[Recorded data]
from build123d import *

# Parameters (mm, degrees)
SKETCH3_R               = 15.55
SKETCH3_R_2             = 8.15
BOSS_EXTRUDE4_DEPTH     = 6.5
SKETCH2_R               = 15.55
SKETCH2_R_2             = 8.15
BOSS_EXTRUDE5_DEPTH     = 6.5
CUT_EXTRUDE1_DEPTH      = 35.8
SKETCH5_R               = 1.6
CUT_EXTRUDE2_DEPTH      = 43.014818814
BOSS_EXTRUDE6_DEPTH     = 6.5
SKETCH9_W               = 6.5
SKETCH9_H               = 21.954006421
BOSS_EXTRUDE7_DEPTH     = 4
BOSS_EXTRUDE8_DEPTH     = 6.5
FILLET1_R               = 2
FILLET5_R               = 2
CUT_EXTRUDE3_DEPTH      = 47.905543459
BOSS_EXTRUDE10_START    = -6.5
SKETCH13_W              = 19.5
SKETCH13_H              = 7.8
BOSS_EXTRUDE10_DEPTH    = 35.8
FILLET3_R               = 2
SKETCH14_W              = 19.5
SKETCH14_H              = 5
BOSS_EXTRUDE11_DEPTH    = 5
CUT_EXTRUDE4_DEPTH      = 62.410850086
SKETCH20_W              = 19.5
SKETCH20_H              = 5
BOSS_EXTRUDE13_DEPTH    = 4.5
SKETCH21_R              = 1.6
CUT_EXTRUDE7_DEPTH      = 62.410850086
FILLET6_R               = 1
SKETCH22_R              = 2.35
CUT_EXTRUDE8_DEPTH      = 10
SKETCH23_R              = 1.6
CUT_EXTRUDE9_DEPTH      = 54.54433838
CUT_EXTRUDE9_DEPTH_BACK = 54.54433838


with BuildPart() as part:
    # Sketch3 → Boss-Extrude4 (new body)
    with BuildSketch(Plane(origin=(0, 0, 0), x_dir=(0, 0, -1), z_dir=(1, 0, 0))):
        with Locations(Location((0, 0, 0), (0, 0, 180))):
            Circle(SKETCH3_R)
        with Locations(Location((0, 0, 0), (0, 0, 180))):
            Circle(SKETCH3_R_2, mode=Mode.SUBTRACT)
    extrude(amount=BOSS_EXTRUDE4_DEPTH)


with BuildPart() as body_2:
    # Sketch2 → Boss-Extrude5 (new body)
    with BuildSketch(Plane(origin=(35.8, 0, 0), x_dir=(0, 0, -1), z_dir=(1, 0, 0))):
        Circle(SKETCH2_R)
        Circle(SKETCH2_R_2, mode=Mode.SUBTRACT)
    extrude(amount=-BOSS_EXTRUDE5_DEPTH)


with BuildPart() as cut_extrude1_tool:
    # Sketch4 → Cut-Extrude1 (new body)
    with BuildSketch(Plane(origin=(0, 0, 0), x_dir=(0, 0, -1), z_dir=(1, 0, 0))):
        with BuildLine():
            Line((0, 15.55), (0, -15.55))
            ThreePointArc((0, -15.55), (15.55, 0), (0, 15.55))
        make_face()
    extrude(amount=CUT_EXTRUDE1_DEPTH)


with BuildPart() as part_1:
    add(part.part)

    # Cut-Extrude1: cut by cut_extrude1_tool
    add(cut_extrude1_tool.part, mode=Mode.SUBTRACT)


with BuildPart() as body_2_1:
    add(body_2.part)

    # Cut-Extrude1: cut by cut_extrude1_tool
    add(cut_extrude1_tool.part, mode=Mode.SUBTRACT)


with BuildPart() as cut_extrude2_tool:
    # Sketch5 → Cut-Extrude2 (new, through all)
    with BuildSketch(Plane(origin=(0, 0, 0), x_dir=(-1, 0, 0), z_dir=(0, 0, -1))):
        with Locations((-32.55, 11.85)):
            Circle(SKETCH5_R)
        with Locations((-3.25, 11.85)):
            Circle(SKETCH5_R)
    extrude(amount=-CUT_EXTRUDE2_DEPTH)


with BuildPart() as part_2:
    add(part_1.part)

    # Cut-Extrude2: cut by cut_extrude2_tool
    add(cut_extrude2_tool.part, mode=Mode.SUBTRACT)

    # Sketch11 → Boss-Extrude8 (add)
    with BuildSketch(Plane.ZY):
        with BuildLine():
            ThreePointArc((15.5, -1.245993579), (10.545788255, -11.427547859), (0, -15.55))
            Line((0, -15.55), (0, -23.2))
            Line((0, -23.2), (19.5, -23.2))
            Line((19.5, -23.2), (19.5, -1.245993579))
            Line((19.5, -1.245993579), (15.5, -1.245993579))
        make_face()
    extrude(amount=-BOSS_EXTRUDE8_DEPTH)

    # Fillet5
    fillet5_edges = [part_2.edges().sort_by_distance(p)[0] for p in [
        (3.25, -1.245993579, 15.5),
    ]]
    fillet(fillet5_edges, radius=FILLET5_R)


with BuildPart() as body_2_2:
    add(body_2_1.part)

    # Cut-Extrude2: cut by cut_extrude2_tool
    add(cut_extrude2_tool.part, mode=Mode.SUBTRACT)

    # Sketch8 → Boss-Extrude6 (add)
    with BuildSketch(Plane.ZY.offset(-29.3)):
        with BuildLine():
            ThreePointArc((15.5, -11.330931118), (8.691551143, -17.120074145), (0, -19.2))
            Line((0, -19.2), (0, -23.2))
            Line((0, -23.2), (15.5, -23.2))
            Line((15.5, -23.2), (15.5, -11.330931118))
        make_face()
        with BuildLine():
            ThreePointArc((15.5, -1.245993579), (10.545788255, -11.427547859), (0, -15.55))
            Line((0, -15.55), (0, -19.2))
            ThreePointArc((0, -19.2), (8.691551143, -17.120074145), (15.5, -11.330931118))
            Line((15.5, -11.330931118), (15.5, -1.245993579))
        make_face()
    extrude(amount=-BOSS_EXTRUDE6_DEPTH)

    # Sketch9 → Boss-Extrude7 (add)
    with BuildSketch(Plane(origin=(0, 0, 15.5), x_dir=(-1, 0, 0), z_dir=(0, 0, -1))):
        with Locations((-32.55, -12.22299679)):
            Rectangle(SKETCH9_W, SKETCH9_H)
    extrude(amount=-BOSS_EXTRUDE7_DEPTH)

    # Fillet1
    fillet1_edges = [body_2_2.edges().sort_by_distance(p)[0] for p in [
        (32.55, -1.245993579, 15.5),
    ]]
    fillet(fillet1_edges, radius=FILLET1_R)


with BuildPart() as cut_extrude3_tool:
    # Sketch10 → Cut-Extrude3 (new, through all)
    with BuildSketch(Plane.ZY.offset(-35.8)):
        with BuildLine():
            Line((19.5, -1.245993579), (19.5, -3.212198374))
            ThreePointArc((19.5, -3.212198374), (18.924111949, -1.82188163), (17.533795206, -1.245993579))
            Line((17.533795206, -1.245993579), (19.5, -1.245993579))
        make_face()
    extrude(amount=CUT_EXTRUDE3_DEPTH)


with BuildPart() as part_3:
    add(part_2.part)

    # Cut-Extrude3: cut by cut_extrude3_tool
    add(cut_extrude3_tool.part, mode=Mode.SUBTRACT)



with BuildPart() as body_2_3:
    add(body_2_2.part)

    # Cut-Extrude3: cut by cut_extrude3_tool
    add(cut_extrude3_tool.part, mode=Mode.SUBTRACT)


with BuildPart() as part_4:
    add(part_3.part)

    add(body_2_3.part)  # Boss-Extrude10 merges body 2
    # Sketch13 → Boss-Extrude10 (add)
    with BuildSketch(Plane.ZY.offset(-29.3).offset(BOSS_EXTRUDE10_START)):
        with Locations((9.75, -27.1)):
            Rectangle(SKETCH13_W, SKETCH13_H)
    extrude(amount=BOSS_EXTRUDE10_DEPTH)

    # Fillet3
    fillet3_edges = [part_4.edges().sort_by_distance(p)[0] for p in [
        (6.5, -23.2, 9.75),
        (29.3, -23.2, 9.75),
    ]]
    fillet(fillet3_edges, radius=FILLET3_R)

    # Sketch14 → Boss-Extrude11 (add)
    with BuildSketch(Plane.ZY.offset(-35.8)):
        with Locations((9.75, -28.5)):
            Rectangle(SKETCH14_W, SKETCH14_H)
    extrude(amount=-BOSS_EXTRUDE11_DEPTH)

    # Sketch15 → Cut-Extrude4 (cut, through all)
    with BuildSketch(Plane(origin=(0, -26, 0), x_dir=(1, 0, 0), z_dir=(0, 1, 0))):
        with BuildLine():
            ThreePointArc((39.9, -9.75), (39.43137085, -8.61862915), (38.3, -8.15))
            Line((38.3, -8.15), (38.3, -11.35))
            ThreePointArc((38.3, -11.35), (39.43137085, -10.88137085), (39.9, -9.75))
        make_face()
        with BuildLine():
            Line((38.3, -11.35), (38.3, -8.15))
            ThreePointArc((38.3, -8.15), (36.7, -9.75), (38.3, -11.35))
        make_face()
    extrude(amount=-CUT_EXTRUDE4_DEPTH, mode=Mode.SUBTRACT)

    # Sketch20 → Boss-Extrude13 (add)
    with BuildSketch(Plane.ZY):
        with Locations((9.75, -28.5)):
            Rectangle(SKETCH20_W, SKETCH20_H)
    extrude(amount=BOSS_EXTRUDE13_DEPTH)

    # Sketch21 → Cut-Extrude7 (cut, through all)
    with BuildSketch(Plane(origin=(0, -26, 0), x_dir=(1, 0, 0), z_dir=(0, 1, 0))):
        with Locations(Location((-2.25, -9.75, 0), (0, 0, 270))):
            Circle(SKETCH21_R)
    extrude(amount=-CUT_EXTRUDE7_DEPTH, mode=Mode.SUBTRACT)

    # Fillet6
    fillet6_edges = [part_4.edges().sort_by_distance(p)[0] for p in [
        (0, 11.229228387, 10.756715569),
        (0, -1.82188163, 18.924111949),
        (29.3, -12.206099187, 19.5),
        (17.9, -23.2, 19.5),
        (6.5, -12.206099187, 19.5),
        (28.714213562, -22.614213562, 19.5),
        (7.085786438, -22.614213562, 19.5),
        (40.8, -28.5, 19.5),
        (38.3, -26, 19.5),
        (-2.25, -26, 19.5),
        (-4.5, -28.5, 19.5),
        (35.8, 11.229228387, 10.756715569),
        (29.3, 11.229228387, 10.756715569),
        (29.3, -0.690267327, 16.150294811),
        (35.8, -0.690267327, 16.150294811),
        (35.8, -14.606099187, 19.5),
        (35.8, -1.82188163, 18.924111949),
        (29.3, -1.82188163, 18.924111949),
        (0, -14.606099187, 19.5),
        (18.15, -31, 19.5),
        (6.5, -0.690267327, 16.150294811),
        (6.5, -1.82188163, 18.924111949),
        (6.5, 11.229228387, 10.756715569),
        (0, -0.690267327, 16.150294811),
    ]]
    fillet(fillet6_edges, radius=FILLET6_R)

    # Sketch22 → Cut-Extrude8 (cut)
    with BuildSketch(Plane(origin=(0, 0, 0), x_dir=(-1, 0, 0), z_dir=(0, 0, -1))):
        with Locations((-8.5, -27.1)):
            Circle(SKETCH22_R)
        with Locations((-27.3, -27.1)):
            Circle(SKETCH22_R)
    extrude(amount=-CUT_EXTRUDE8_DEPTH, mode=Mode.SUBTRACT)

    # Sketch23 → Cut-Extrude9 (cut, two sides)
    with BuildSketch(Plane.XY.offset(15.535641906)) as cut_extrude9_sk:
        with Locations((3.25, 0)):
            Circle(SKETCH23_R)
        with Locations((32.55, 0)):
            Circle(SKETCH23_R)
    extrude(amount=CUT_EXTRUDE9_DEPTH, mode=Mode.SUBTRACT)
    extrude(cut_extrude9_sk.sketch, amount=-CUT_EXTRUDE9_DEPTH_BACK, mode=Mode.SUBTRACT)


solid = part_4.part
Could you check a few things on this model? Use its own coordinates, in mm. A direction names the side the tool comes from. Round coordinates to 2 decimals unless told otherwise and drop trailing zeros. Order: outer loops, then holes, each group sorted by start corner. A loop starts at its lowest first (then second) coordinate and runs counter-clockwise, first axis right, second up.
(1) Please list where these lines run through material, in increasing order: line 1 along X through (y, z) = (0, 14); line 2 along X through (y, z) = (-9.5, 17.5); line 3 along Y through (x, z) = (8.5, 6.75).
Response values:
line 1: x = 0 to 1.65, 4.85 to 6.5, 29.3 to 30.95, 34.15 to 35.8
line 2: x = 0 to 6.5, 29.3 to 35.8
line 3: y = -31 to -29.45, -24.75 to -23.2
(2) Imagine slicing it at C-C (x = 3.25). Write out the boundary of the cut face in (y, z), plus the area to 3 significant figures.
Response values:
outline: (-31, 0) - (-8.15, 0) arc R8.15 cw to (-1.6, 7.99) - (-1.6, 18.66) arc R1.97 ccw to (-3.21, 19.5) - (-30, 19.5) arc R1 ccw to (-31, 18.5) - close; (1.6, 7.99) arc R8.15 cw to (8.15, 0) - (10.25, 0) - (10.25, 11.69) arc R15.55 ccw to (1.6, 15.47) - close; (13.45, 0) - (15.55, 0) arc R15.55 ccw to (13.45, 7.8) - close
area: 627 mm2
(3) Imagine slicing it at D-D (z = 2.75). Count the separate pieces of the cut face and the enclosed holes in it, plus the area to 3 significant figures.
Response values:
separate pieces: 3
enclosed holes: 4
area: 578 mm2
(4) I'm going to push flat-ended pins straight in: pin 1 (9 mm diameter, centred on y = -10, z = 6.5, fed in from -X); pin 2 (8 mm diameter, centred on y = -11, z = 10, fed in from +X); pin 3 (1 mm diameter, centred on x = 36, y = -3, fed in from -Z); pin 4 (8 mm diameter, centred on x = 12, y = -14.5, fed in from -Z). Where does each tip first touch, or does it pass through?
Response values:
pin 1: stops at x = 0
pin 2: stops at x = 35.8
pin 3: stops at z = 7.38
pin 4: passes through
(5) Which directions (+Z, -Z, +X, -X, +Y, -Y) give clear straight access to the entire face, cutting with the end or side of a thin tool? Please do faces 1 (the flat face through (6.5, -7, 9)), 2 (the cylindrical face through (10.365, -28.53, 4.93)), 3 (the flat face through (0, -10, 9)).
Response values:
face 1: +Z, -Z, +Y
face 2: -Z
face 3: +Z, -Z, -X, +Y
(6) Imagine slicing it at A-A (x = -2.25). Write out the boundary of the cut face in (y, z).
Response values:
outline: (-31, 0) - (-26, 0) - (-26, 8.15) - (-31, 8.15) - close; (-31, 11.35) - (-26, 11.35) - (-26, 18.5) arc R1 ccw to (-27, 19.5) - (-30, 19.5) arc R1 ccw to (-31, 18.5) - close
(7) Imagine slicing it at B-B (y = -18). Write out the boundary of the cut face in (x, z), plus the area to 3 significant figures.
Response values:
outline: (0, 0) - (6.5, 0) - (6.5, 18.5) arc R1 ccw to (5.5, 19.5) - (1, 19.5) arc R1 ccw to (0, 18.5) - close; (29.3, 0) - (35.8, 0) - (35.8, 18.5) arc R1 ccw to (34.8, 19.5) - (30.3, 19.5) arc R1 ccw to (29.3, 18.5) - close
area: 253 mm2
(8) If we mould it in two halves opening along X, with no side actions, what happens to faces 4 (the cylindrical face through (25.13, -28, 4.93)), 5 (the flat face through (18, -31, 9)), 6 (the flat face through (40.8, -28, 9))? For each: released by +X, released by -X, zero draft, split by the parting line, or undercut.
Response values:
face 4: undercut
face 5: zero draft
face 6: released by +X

...

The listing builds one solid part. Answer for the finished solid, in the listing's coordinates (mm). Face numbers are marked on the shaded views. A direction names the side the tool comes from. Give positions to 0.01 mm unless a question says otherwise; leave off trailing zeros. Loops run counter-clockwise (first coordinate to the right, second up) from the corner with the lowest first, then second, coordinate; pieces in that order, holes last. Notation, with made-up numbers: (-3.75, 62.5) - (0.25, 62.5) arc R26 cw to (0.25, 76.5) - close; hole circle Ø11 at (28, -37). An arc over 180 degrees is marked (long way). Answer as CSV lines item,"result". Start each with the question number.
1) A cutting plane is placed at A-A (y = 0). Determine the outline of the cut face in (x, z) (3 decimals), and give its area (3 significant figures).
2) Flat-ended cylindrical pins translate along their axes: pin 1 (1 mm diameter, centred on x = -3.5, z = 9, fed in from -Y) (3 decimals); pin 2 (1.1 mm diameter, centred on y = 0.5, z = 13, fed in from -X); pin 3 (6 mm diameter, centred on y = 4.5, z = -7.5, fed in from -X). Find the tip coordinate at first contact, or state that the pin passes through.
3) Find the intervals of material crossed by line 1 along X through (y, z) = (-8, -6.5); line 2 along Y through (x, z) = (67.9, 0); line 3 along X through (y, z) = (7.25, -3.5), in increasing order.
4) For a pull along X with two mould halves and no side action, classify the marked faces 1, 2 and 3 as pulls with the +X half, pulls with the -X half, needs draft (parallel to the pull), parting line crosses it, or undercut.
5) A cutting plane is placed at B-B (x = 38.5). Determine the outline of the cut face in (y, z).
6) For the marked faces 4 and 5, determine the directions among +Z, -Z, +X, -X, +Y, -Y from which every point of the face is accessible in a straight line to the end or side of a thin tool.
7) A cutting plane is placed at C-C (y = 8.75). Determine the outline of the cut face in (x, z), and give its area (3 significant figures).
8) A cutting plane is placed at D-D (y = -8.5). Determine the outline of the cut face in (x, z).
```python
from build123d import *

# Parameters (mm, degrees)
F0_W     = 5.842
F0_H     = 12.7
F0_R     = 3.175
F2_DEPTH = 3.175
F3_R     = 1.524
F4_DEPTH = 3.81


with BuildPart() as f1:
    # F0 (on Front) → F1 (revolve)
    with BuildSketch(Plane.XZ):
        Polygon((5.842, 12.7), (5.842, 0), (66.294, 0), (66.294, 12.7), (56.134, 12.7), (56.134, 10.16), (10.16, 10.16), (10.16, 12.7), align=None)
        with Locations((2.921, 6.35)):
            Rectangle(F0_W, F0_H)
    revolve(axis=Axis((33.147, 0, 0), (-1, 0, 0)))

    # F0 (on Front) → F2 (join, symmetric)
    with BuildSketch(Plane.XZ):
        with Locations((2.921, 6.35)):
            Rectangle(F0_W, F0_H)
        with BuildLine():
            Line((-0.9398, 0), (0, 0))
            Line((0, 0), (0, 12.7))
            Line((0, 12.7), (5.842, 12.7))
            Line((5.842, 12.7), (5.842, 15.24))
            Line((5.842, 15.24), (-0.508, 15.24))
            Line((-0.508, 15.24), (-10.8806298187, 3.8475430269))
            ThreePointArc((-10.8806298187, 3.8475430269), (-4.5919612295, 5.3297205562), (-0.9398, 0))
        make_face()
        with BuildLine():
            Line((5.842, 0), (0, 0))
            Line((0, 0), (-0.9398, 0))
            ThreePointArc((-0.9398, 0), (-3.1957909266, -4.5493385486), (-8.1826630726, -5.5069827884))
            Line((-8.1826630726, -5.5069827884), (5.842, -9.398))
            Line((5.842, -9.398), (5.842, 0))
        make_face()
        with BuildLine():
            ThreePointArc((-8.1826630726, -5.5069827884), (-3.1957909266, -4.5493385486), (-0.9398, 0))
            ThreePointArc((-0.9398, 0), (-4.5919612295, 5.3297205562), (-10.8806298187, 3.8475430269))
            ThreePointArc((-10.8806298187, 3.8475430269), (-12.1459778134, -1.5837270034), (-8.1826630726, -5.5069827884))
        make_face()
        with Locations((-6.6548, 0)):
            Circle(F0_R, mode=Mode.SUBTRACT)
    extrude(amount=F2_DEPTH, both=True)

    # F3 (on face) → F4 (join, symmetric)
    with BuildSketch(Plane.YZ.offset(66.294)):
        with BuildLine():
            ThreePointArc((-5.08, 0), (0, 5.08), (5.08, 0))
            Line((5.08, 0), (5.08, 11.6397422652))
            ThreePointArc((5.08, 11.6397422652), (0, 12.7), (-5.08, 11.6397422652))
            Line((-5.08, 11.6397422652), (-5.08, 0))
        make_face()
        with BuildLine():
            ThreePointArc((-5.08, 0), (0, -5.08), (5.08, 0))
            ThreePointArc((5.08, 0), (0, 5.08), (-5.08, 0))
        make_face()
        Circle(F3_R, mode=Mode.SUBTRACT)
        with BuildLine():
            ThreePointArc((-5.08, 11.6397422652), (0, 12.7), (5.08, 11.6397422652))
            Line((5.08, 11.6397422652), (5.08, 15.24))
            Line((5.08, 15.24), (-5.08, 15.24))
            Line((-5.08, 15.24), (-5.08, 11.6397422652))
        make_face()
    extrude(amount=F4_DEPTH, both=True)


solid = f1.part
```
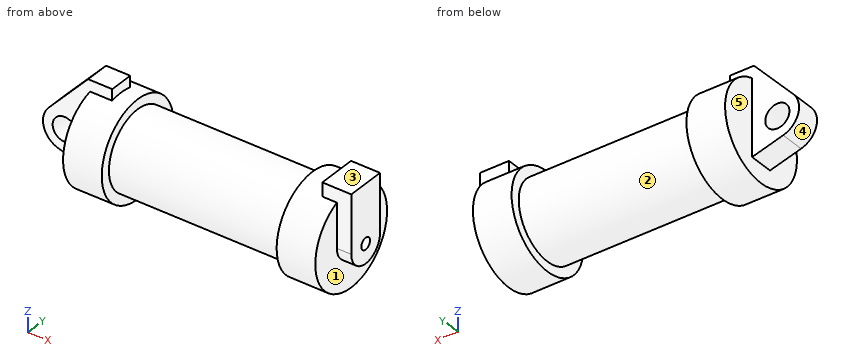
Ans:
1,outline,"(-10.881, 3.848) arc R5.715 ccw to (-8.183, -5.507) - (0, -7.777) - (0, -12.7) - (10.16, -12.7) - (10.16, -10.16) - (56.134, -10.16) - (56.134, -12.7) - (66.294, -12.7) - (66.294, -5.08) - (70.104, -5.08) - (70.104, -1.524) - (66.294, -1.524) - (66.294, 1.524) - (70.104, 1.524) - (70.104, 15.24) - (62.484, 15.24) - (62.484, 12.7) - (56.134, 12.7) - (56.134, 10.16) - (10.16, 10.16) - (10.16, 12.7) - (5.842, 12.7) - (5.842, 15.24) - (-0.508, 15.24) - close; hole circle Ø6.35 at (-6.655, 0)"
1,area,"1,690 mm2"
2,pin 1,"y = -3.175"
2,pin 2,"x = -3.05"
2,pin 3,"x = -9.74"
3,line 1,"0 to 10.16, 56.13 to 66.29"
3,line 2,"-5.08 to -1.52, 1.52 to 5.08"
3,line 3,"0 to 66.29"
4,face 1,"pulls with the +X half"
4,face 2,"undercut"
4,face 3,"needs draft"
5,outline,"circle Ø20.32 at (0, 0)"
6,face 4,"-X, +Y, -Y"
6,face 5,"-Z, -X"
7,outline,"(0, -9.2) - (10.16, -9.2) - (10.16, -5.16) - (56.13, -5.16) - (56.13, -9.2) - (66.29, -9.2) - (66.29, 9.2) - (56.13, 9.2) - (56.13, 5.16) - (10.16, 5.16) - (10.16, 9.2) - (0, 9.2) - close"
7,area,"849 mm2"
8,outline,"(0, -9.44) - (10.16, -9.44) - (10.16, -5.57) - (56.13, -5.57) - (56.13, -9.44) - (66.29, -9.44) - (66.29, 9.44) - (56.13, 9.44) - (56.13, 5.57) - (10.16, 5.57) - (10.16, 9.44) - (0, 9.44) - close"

- **TASK TO COMPLETE**: Where does "trailing" occur in the data? Copy each line that has it.

- **RESULT OF THIS TASK**:
Could you check a few things on this model? Use its own coordinates, in mm. A direction names the side the tool comes from. Round coordinates to 2 decimals unless told otherwise and drop trailing zeros. Order: outer loops, then holes, each group sorted by start corner. A loop starts at its lowest first (then second) coordinate and runs counter-clockwise, first axis right, second up.
The listing builds one solid part. Answer for the finished solid, in the listing's coordinates (mm). Face numbers are marked on the shaded views. A direction names the side the tool comes from. Give positions to 0.01 mm unless a question says otherwise; leave off trailing zeros. Loops run counter-clockwise (first coordinate to the right, second up) from the corner with the lowest first, then second, coordinate; pieces in that order, holes last. Notation, with made-up numbers: (-3.75, 62.5) - (0.25, 62.5) arc R26 cw to (0.25, 76.5) - close; hole circle Ø11 at (28, -37). An arc over 180 degrees is marked (long way). Answer as CSV lines item,"result". Start each with the question number.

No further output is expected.